─── Source records ───

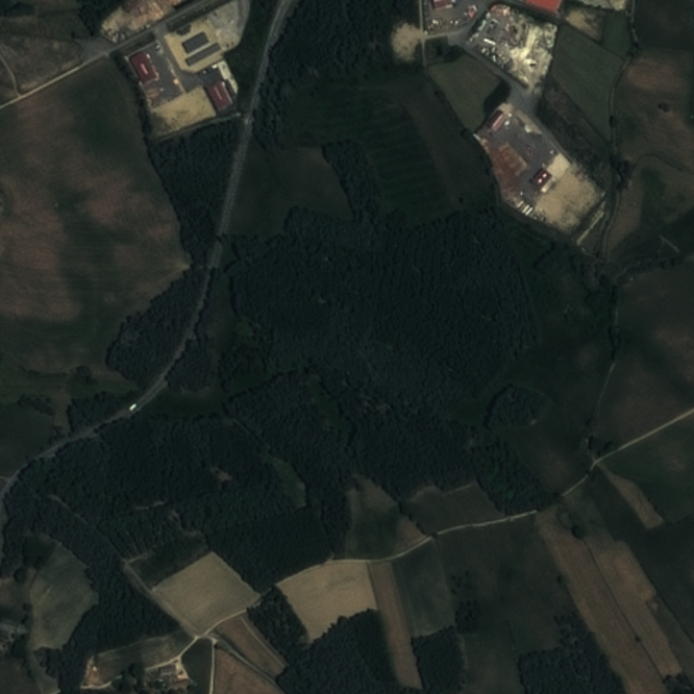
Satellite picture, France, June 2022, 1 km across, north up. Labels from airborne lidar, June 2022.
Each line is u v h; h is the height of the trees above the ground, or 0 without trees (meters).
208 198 11
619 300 16
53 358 0
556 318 0
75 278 0
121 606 15
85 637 18
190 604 0
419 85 0
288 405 24
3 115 0
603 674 16
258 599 0
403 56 0
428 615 0
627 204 0
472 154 0
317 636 0
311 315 20
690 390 0
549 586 0
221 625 0
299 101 0
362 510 0
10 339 0
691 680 15
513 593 0
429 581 0
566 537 0
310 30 21
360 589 0
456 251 19
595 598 0
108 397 22
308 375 16
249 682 0
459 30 0
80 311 0
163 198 0
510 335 23
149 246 0
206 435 26
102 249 0
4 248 0
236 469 24
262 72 0
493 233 24
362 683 21
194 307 21
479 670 0
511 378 0
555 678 16
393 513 0
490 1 0
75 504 21
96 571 17
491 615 0
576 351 0
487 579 0
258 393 20
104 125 0
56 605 0
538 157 0
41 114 0
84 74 0
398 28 0
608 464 0
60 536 21
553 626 0
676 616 0
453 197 0
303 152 0
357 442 28
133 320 20
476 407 0
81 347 0
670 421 0
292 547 23
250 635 0
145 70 0
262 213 0
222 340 0
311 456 22
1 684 0
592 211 0
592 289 7
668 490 0
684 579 0
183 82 0
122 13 0
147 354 22
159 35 0
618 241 0
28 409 15
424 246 20
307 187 0
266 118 8
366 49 17
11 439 0
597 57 0
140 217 0
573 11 0
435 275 21
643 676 0
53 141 0
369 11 22
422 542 0
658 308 0
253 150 0
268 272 25
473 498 0
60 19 0
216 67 0
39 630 0
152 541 16
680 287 0
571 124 0
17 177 0
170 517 21
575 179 0
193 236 19
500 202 0
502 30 0
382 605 0
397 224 9
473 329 21
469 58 0
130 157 0
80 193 0
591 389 0
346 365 17
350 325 24
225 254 0
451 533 0
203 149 23
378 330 19
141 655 0
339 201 0
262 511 27
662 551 0
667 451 0
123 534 21
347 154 21
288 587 0
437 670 21
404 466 19
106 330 0
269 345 17
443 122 0
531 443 0
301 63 21
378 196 21
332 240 21
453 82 0
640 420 0
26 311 0
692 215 0
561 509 0
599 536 0
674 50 0
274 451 18
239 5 0
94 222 0
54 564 0
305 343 28
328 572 0
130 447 27
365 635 18
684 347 0
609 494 0
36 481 27
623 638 0
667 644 0
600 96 0
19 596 0
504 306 26
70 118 0
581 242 0
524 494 23
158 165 22
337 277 22
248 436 29
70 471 17
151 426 27
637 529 0
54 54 0
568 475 0
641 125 0
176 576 0
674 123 0
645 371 0
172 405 0
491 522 0
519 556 0
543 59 0
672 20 0
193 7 0
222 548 17
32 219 0
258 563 14
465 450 13
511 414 18
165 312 20
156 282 0
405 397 20
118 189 0
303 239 22
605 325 0
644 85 0
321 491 24
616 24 0
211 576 0
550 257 21
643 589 0
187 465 25
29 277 0
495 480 10
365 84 0
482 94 0
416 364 17
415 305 21
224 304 0
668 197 0
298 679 7
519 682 0
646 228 0
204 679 0
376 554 0

───

Exact copy, no pictures: please print every record above as written.

Result below -
Satellite picture, France, June 2022, 1 km across, north up. Labels from airborne lidar, June 2022.
Each line is u v h; h is the height of the trees above the ground, or 0 without trees (meters).
208 198 11
619 300 16
53 358 0
556 318 0
75 278 0
121 606 15
85 637 18
190 604 0
419 85 0
288 405 24
3 115 0
603 674 16
258 599 0
403 56 0
428 615 0
627 204 0
472 154 0
317 636 0
311 315 20
690 390 0
549 586 0
221 625 0
299 101 0
362 510 0
10 339 0
691 680 15
513 593 0
429 581 0
566 537 0
310 30 21
360 589 0
456 251 19
595 598 0
108 397 22
308 375 16
249 682 0
459 30 0
80 311 0
163 198 0
510 335 23
149 246 0
206 435 26
102 249 0
4 248 0
236 469 24
262 72 0
493 233 24
362 683 21
194 307 21
479 670 0
511 378 0
555 678 16
393 513 0
490 1 0
75 504 21
96 571 17
491 615 0
576 351 0
487 579 0
258 393 20
104 125 0
56 605 0
538 157 0
41 114 0
84 74 0
398 28 0
608 464 0
60 536 21
553 626 0
676 616 0
453 197 0
303 152 0
357 442 28
133 320 20
476 407 0
81 347 0
670 421 0
292 547 23
250 635 0
145 70 0
262 213 0
222 340 0
311 456 22
1 684 0
592 211 0
592 289 7
668 490 0
684 579 0
183 82 0
122 13 0
147 354 22
159 35 0
618 241 0
28 409 15
424 246 20
307 187 0
266 118 8
366 49 17
11 439 0
597 57 0
140 217 0
573 11 0
435 275 21
643 676 0
53 141 0
369 11 22
422 542 0
658 308 0
253 150 0
268 272 25
473 498 0
60 19 0
216 67 0
39 630 0
152 541 16
680 287 0
571 124 0
17 177 0
170 517 21
575 179 0
193 236 19
500 202 0
502 30 0
382 605 0
397 224 9
473 329 21
469 58 0
130 157 0
80 193 0
591 389 0
346 365 17
350 325 24
225 254 0
451 533 0
203 149 23
378 330 19
141 655 0
339 201 0
262 511 27
662 551 0
667 451 0
123 534 21
347 154 21
288 587 0
437 670 21
404 466 19
106 330 0
269 345 17
443 122 0
531 443 0
301 63 21
378 196 21
332 240 21
453 82 0
640 420 0
26 311 0
692 215 0
561 509 0
599 536 0
674 50 0
274 451 18
239 5 0
94 222 0
54 564 0
305 343 28
328 572 0
130 447 27
365 635 18
684 347 0
609 494 0
36 481 27
623 638 0
667 644 0
600 96 0
19 596 0
504 306 26
70 118 0
581 242 0
524 494 23
158 165 22
337 277 22
248 436 29
70 471 17
151 426 27
637 529 0
54 54 0
568 475 0
641 125 0
176 576 0
674 123 0
645 371 0
172 405 0
491 522 0
519 556 0
543 59 0
672 20 0
193 7 0
222 548 17
32 219 0
258 563 14
465 450 13
511 414 18
165 312 20
156 282 0
405 397 20
118 189 0
303 239 22
605 325 0
644 85 0
321 491 24
616 24 0
211 576 0
550 257 21
643 589 0
187 465 25
29 277 0
495 480 10
365 84 0
482 94 0
416 364 17
415 305 21
224 304 0
668 197 0
298 679 7
519 682 0
646 228 0
204 679 0
376 554 0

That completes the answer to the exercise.